Além do reconhecimento por uma vítima, o promotor destaca as contradições no depoimento de Eleutério. “Se uma pessoa reproduz o mesmo fato e conta várias histórias diferentes, há fragilidade no álibi”, afirmou. Segundo o promotor, o PM se contradisse ao contar que tinha pedido uma pizza por telefone e, quando questionado sobre o nome do estabelecimento, disse ter comido algo congelado.
Em relação a Heinklain, há relato de testemunha de que o policial discutiu com a esposa, que o teria reconhecido em imagens de câmeras de segurança divulgadas por emissoras de televisão sobre o caso. A discussão foi ouvida por uma pessoa, que relatou o ocorrido para outra pessoa próxima, que, por sua vez, testemunhou à Polícia Civil. No entanto, a testemunha teve medo de reafirmar o depoimento perante a juíza. O promotor disse, em entrevista, que deve apresentar esses fatos aos integrantes do júri popular.
Em nota, o advogado Fernando Capano afirmou que isso não é suficiente para demonstrar a participação do seu cliente nos fatos. “Creio que o ônus da prova é do Ministério Público, no sentido de provar que o Tiago estava nas cenas dos crimes. Nesse sentido, com todo o respeito ao trabalho do doutor Marcelo, o conjunto probatório é extremamente frágil e deficiente para dar lastro à eventual condenação do Thiago”. Ele destacou que espera que “os jurados possam entender e decidir que crimes odiosos como a Chacina de Osasco não podem ter como resposta a condenação de um inocente”.
O guarda civil Sérgio Manhanhã, por sua vez, teria atuado para desviar viaturas dos locais onde os crimes ocorreriam. O promotor disse que ele trocou mensagens simbólicas com o policial Victor Cristilder Silva dos Santos, que estava em um dos carros da chacina, segundo a denúncia. As mensagens foram trocadas antes do início dos fatos, com uma mão fazendo sinal de positivo, e, ao final, com o mesmo símbolo e com outro representando um braço forte. Em depoimento, o PM alega que o conteúdo se referia ao empréstimo de um livro. As mensagens foram apagadas e recuperadas após perícia.
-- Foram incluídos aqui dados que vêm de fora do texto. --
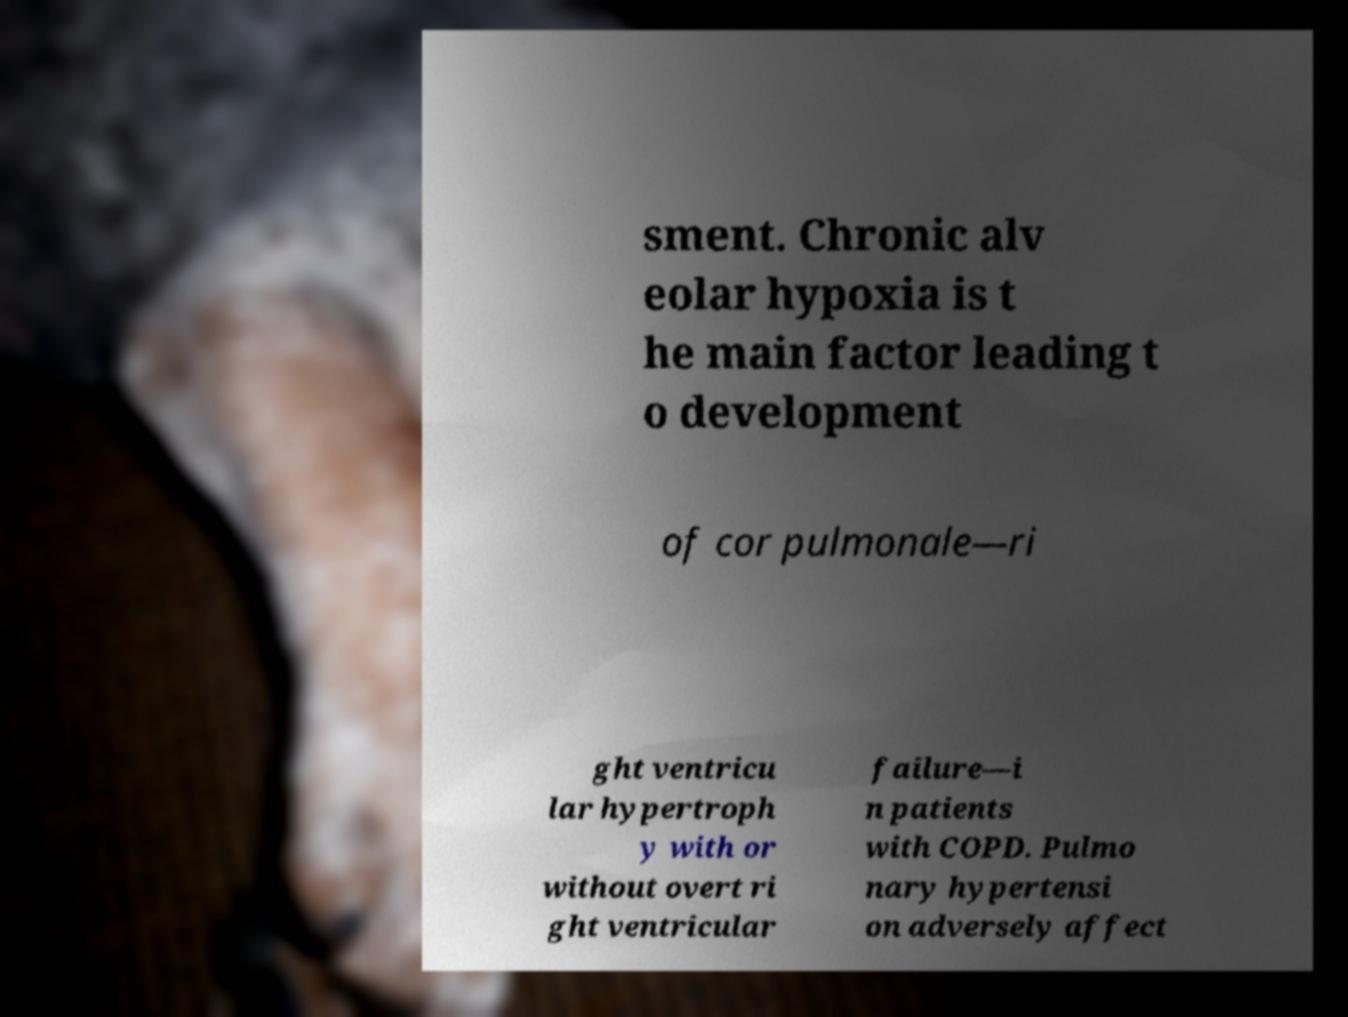Please identify and transcribe the text found in this image. sment. Chronic alv eolar hypoxia is t he main factor leading t o development of cor pulmonale—ri ght ventricu lar hypertroph y with or without overt ri ght ventricular failure—i n patients with COPD. Pulmo nary hypertensi on adversely affect 
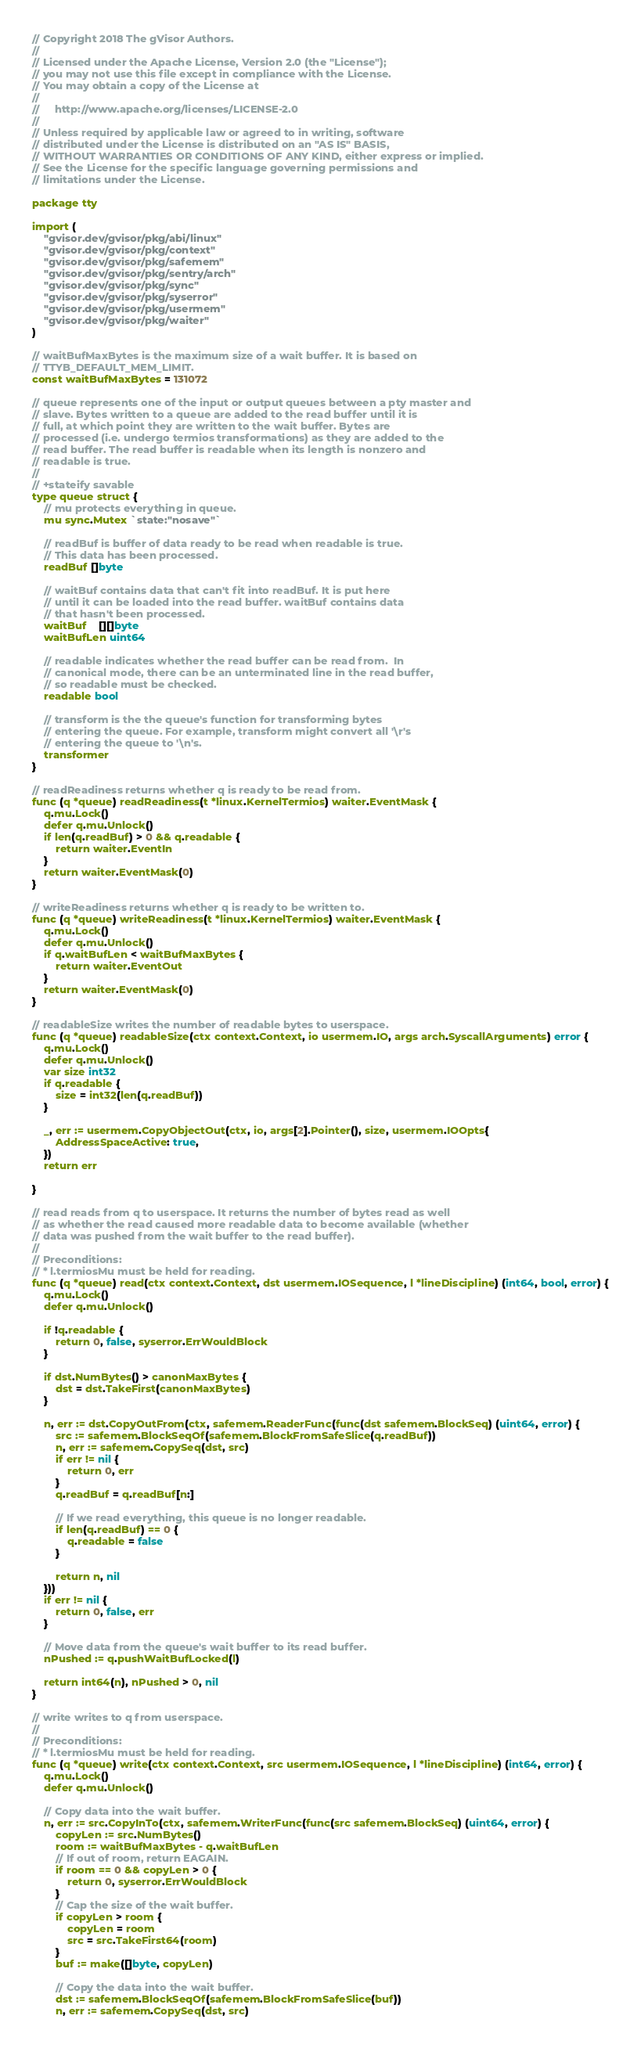<code> <loc_0><loc_0><loc_500><loc_500><_Go_>// Copyright 2018 The gVisor Authors.
//
// Licensed under the Apache License, Version 2.0 (the "License");
// you may not use this file except in compliance with the License.
// You may obtain a copy of the License at
//
//     http://www.apache.org/licenses/LICENSE-2.0
//
// Unless required by applicable law or agreed to in writing, software
// distributed under the License is distributed on an "AS IS" BASIS,
// WITHOUT WARRANTIES OR CONDITIONS OF ANY KIND, either express or implied.
// See the License for the specific language governing permissions and
// limitations under the License.

package tty

import (
	"gvisor.dev/gvisor/pkg/abi/linux"
	"gvisor.dev/gvisor/pkg/context"
	"gvisor.dev/gvisor/pkg/safemem"
	"gvisor.dev/gvisor/pkg/sentry/arch"
	"gvisor.dev/gvisor/pkg/sync"
	"gvisor.dev/gvisor/pkg/syserror"
	"gvisor.dev/gvisor/pkg/usermem"
	"gvisor.dev/gvisor/pkg/waiter"
)

// waitBufMaxBytes is the maximum size of a wait buffer. It is based on
// TTYB_DEFAULT_MEM_LIMIT.
const waitBufMaxBytes = 131072

// queue represents one of the input or output queues between a pty master and
// slave. Bytes written to a queue are added to the read buffer until it is
// full, at which point they are written to the wait buffer. Bytes are
// processed (i.e. undergo termios transformations) as they are added to the
// read buffer. The read buffer is readable when its length is nonzero and
// readable is true.
//
// +stateify savable
type queue struct {
	// mu protects everything in queue.
	mu sync.Mutex `state:"nosave"`

	// readBuf is buffer of data ready to be read when readable is true.
	// This data has been processed.
	readBuf []byte

	// waitBuf contains data that can't fit into readBuf. It is put here
	// until it can be loaded into the read buffer. waitBuf contains data
	// that hasn't been processed.
	waitBuf    [][]byte
	waitBufLen uint64

	// readable indicates whether the read buffer can be read from.  In
	// canonical mode, there can be an unterminated line in the read buffer,
	// so readable must be checked.
	readable bool

	// transform is the the queue's function for transforming bytes
	// entering the queue. For example, transform might convert all '\r's
	// entering the queue to '\n's.
	transformer
}

// readReadiness returns whether q is ready to be read from.
func (q *queue) readReadiness(t *linux.KernelTermios) waiter.EventMask {
	q.mu.Lock()
	defer q.mu.Unlock()
	if len(q.readBuf) > 0 && q.readable {
		return waiter.EventIn
	}
	return waiter.EventMask(0)
}

// writeReadiness returns whether q is ready to be written to.
func (q *queue) writeReadiness(t *linux.KernelTermios) waiter.EventMask {
	q.mu.Lock()
	defer q.mu.Unlock()
	if q.waitBufLen < waitBufMaxBytes {
		return waiter.EventOut
	}
	return waiter.EventMask(0)
}

// readableSize writes the number of readable bytes to userspace.
func (q *queue) readableSize(ctx context.Context, io usermem.IO, args arch.SyscallArguments) error {
	q.mu.Lock()
	defer q.mu.Unlock()
	var size int32
	if q.readable {
		size = int32(len(q.readBuf))
	}

	_, err := usermem.CopyObjectOut(ctx, io, args[2].Pointer(), size, usermem.IOOpts{
		AddressSpaceActive: true,
	})
	return err

}

// read reads from q to userspace. It returns the number of bytes read as well
// as whether the read caused more readable data to become available (whether
// data was pushed from the wait buffer to the read buffer).
//
// Preconditions:
// * l.termiosMu must be held for reading.
func (q *queue) read(ctx context.Context, dst usermem.IOSequence, l *lineDiscipline) (int64, bool, error) {
	q.mu.Lock()
	defer q.mu.Unlock()

	if !q.readable {
		return 0, false, syserror.ErrWouldBlock
	}

	if dst.NumBytes() > canonMaxBytes {
		dst = dst.TakeFirst(canonMaxBytes)
	}

	n, err := dst.CopyOutFrom(ctx, safemem.ReaderFunc(func(dst safemem.BlockSeq) (uint64, error) {
		src := safemem.BlockSeqOf(safemem.BlockFromSafeSlice(q.readBuf))
		n, err := safemem.CopySeq(dst, src)
		if err != nil {
			return 0, err
		}
		q.readBuf = q.readBuf[n:]

		// If we read everything, this queue is no longer readable.
		if len(q.readBuf) == 0 {
			q.readable = false
		}

		return n, nil
	}))
	if err != nil {
		return 0, false, err
	}

	// Move data from the queue's wait buffer to its read buffer.
	nPushed := q.pushWaitBufLocked(l)

	return int64(n), nPushed > 0, nil
}

// write writes to q from userspace.
//
// Preconditions:
// * l.termiosMu must be held for reading.
func (q *queue) write(ctx context.Context, src usermem.IOSequence, l *lineDiscipline) (int64, error) {
	q.mu.Lock()
	defer q.mu.Unlock()

	// Copy data into the wait buffer.
	n, err := src.CopyInTo(ctx, safemem.WriterFunc(func(src safemem.BlockSeq) (uint64, error) {
		copyLen := src.NumBytes()
		room := waitBufMaxBytes - q.waitBufLen
		// If out of room, return EAGAIN.
		if room == 0 && copyLen > 0 {
			return 0, syserror.ErrWouldBlock
		}
		// Cap the size of the wait buffer.
		if copyLen > room {
			copyLen = room
			src = src.TakeFirst64(room)
		}
		buf := make([]byte, copyLen)

		// Copy the data into the wait buffer.
		dst := safemem.BlockSeqOf(safemem.BlockFromSafeSlice(buf))
		n, err := safemem.CopySeq(dst, src)</code> 
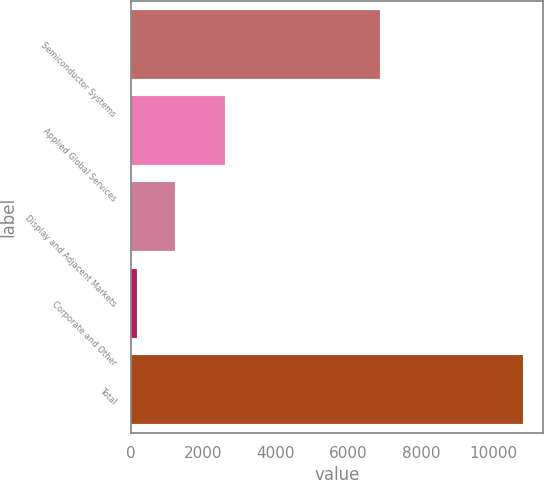Convert chart to OTSL. <chart><loc_0><loc_0><loc_500><loc_500><bar_chart><fcel>Semiconductor Systems<fcel>Applied Global Services<fcel>Display and Adjacent Markets<fcel>Corporate and Other<fcel>Total<nl><fcel>6873<fcel>2589<fcel>1223.8<fcel>157<fcel>10825<nl></chart> 
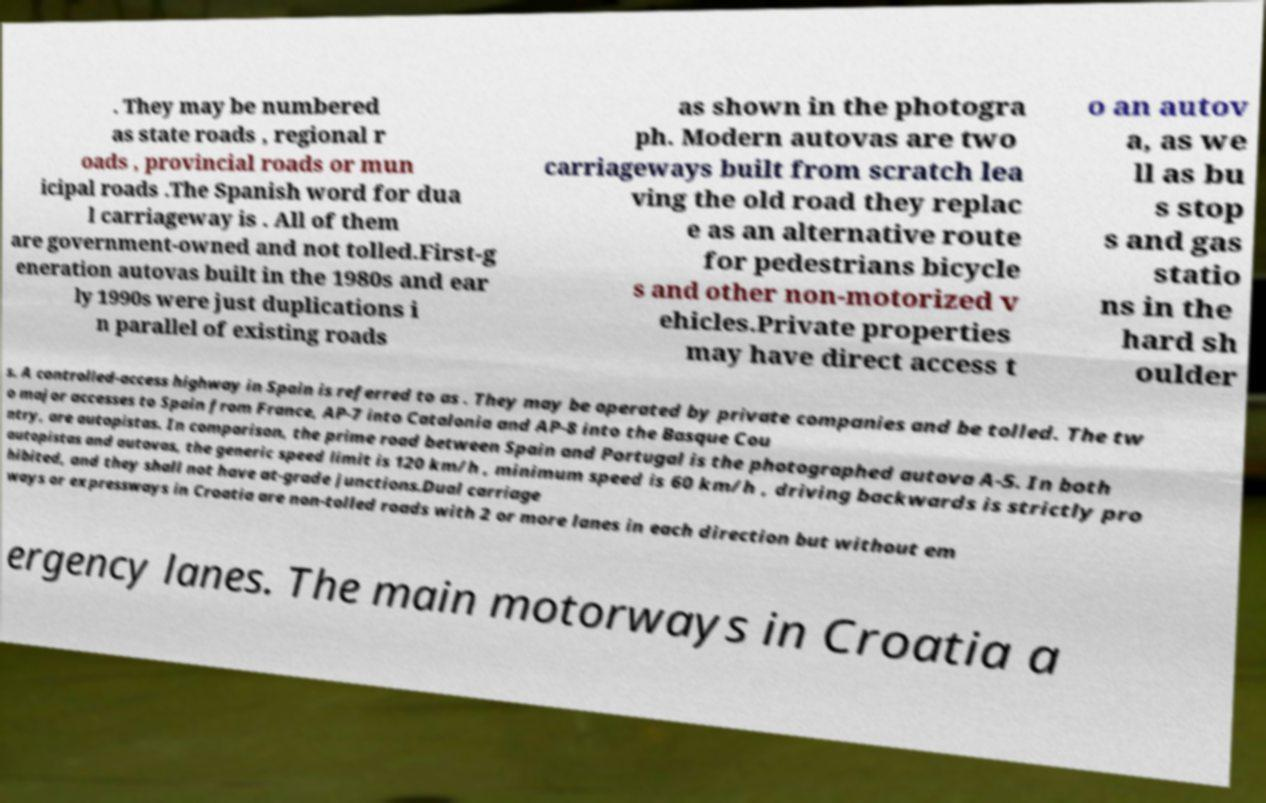For documentation purposes, I need the text within this image transcribed. Could you provide that? . They may be numbered as state roads , regional r oads , provincial roads or mun icipal roads .The Spanish word for dua l carriageway is . All of them are government-owned and not tolled.First-g eneration autovas built in the 1980s and ear ly 1990s were just duplications i n parallel of existing roads as shown in the photogra ph. Modern autovas are two carriageways built from scratch lea ving the old road they replac e as an alternative route for pedestrians bicycle s and other non-motorized v ehicles.Private properties may have direct access t o an autov a, as we ll as bu s stop s and gas statio ns in the hard sh oulder s. A controlled-access highway in Spain is referred to as . They may be operated by private companies and be tolled. The tw o major accesses to Spain from France, AP-7 into Catalonia and AP-8 into the Basque Cou ntry, are autopistas. In comparison, the prime road between Spain and Portugal is the photographed autova A-5. In both autopistas and autovas, the generic speed limit is 120 km/h , minimum speed is 60 km/h , driving backwards is strictly pro hibited, and they shall not have at-grade junctions.Dual carriage ways or expressways in Croatia are non-tolled roads with 2 or more lanes in each direction but without em ergency lanes. The main motorways in Croatia a 
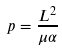Convert formula to latex. <formula><loc_0><loc_0><loc_500><loc_500>p = \frac { L ^ { 2 } } { \mu \alpha }</formula> 
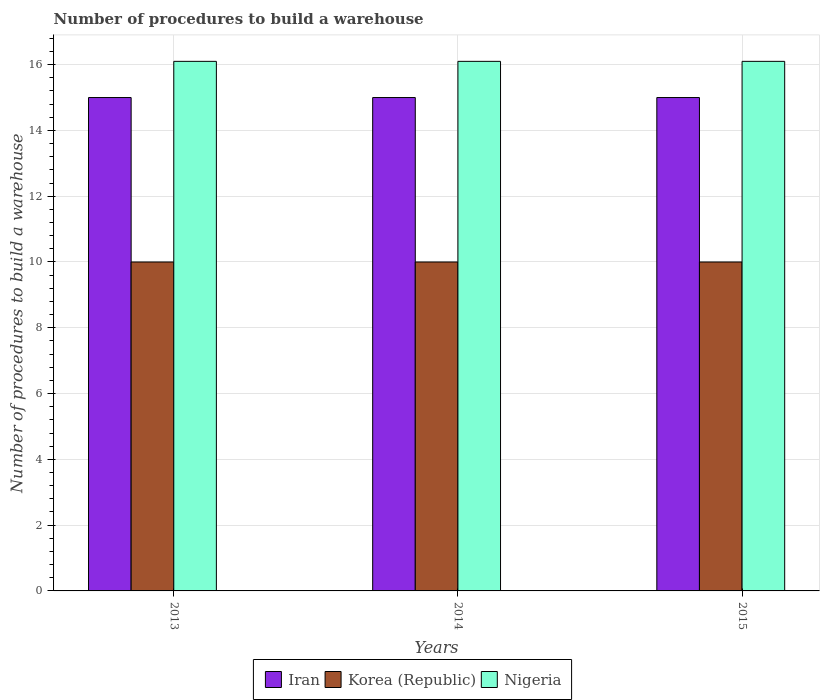How many groups of bars are there?
Give a very brief answer. 3. Are the number of bars per tick equal to the number of legend labels?
Offer a terse response. Yes. Are the number of bars on each tick of the X-axis equal?
Offer a very short reply. Yes. How many bars are there on the 2nd tick from the right?
Your answer should be compact. 3. In how many cases, is the number of bars for a given year not equal to the number of legend labels?
Provide a short and direct response. 0. What is the number of procedures to build a warehouse in in Iran in 2013?
Give a very brief answer. 15. Across all years, what is the maximum number of procedures to build a warehouse in in Korea (Republic)?
Offer a terse response. 10. Across all years, what is the minimum number of procedures to build a warehouse in in Iran?
Offer a very short reply. 15. What is the total number of procedures to build a warehouse in in Korea (Republic) in the graph?
Make the answer very short. 30. What is the difference between the number of procedures to build a warehouse in in Nigeria in 2014 and the number of procedures to build a warehouse in in Korea (Republic) in 2013?
Keep it short and to the point. 6.1. In the year 2014, what is the difference between the number of procedures to build a warehouse in in Korea (Republic) and number of procedures to build a warehouse in in Iran?
Offer a very short reply. -5. In how many years, is the number of procedures to build a warehouse in in Nigeria greater than 16.4?
Make the answer very short. 0. Is the number of procedures to build a warehouse in in Iran in 2013 less than that in 2015?
Provide a succinct answer. No. What is the difference between the highest and the second highest number of procedures to build a warehouse in in Nigeria?
Give a very brief answer. 0. What does the 2nd bar from the left in 2013 represents?
Provide a succinct answer. Korea (Republic). What does the 3rd bar from the right in 2014 represents?
Your answer should be very brief. Iran. Are the values on the major ticks of Y-axis written in scientific E-notation?
Offer a terse response. No. Where does the legend appear in the graph?
Keep it short and to the point. Bottom center. What is the title of the graph?
Provide a succinct answer. Number of procedures to build a warehouse. What is the label or title of the Y-axis?
Make the answer very short. Number of procedures to build a warehouse. What is the Number of procedures to build a warehouse of Iran in 2014?
Your answer should be very brief. 15. What is the Number of procedures to build a warehouse of Korea (Republic) in 2014?
Offer a very short reply. 10. What is the Number of procedures to build a warehouse in Korea (Republic) in 2015?
Give a very brief answer. 10. What is the Number of procedures to build a warehouse of Nigeria in 2015?
Your response must be concise. 16.1. Across all years, what is the minimum Number of procedures to build a warehouse of Iran?
Your answer should be very brief. 15. Across all years, what is the minimum Number of procedures to build a warehouse in Nigeria?
Give a very brief answer. 16.1. What is the total Number of procedures to build a warehouse in Iran in the graph?
Ensure brevity in your answer.  45. What is the total Number of procedures to build a warehouse in Korea (Republic) in the graph?
Offer a very short reply. 30. What is the total Number of procedures to build a warehouse in Nigeria in the graph?
Your response must be concise. 48.3. What is the difference between the Number of procedures to build a warehouse of Korea (Republic) in 2013 and that in 2014?
Keep it short and to the point. 0. What is the difference between the Number of procedures to build a warehouse of Iran in 2013 and that in 2015?
Provide a short and direct response. 0. What is the difference between the Number of procedures to build a warehouse of Korea (Republic) in 2013 and that in 2015?
Give a very brief answer. 0. What is the difference between the Number of procedures to build a warehouse of Nigeria in 2013 and that in 2015?
Your response must be concise. 0. What is the difference between the Number of procedures to build a warehouse in Korea (Republic) in 2014 and that in 2015?
Give a very brief answer. 0. What is the difference between the Number of procedures to build a warehouse of Iran in 2013 and the Number of procedures to build a warehouse of Korea (Republic) in 2014?
Ensure brevity in your answer.  5. What is the difference between the Number of procedures to build a warehouse of Korea (Republic) in 2013 and the Number of procedures to build a warehouse of Nigeria in 2014?
Offer a very short reply. -6.1. What is the difference between the Number of procedures to build a warehouse in Iran in 2013 and the Number of procedures to build a warehouse in Korea (Republic) in 2015?
Ensure brevity in your answer.  5. What is the difference between the Number of procedures to build a warehouse of Iran in 2013 and the Number of procedures to build a warehouse of Nigeria in 2015?
Make the answer very short. -1.1. What is the difference between the Number of procedures to build a warehouse of Iran in 2014 and the Number of procedures to build a warehouse of Korea (Republic) in 2015?
Provide a succinct answer. 5. What is the average Number of procedures to build a warehouse of Iran per year?
Your response must be concise. 15. In the year 2013, what is the difference between the Number of procedures to build a warehouse in Iran and Number of procedures to build a warehouse in Nigeria?
Your response must be concise. -1.1. In the year 2014, what is the difference between the Number of procedures to build a warehouse of Iran and Number of procedures to build a warehouse of Nigeria?
Make the answer very short. -1.1. In the year 2014, what is the difference between the Number of procedures to build a warehouse of Korea (Republic) and Number of procedures to build a warehouse of Nigeria?
Your answer should be compact. -6.1. In the year 2015, what is the difference between the Number of procedures to build a warehouse in Iran and Number of procedures to build a warehouse in Korea (Republic)?
Ensure brevity in your answer.  5. In the year 2015, what is the difference between the Number of procedures to build a warehouse of Iran and Number of procedures to build a warehouse of Nigeria?
Ensure brevity in your answer.  -1.1. What is the ratio of the Number of procedures to build a warehouse in Nigeria in 2013 to that in 2014?
Your answer should be very brief. 1. What is the ratio of the Number of procedures to build a warehouse of Iran in 2013 to that in 2015?
Ensure brevity in your answer.  1. What is the ratio of the Number of procedures to build a warehouse in Nigeria in 2013 to that in 2015?
Give a very brief answer. 1. What is the ratio of the Number of procedures to build a warehouse of Korea (Republic) in 2014 to that in 2015?
Offer a terse response. 1. What is the ratio of the Number of procedures to build a warehouse of Nigeria in 2014 to that in 2015?
Give a very brief answer. 1. What is the difference between the highest and the lowest Number of procedures to build a warehouse of Nigeria?
Your answer should be very brief. 0.

Cristilder foi o único a recorrer da sentença que determinou o julgamento, portanto não vai a júri nesta segunda-feira. No entanto, segundo Oliveira, a determinação de levá-lo a júri já foi confirmada pela juíza.
Marcelo Oliveira lembra que este não será um julgamento fácil, sobretudo pela concepção recorrente na sociedade de que “bandido bom é bandido morto”. “Mesmo que fosse bandido, a Justiça está aí para isso”, defendeu. Ele lembrou ainda que uma das pessoas mortas foi uma adolescente de 16 anos. “Ninguém está livre de ter um filho viciado em drogas, de ter filho que frequenta o 'Bar do Juvenal' e ter que enterrar o filho, porque ele frequenta o bar do suposto homicida do guarda civil que morreu no dia anterior”, disse, em referência ao local das mortes.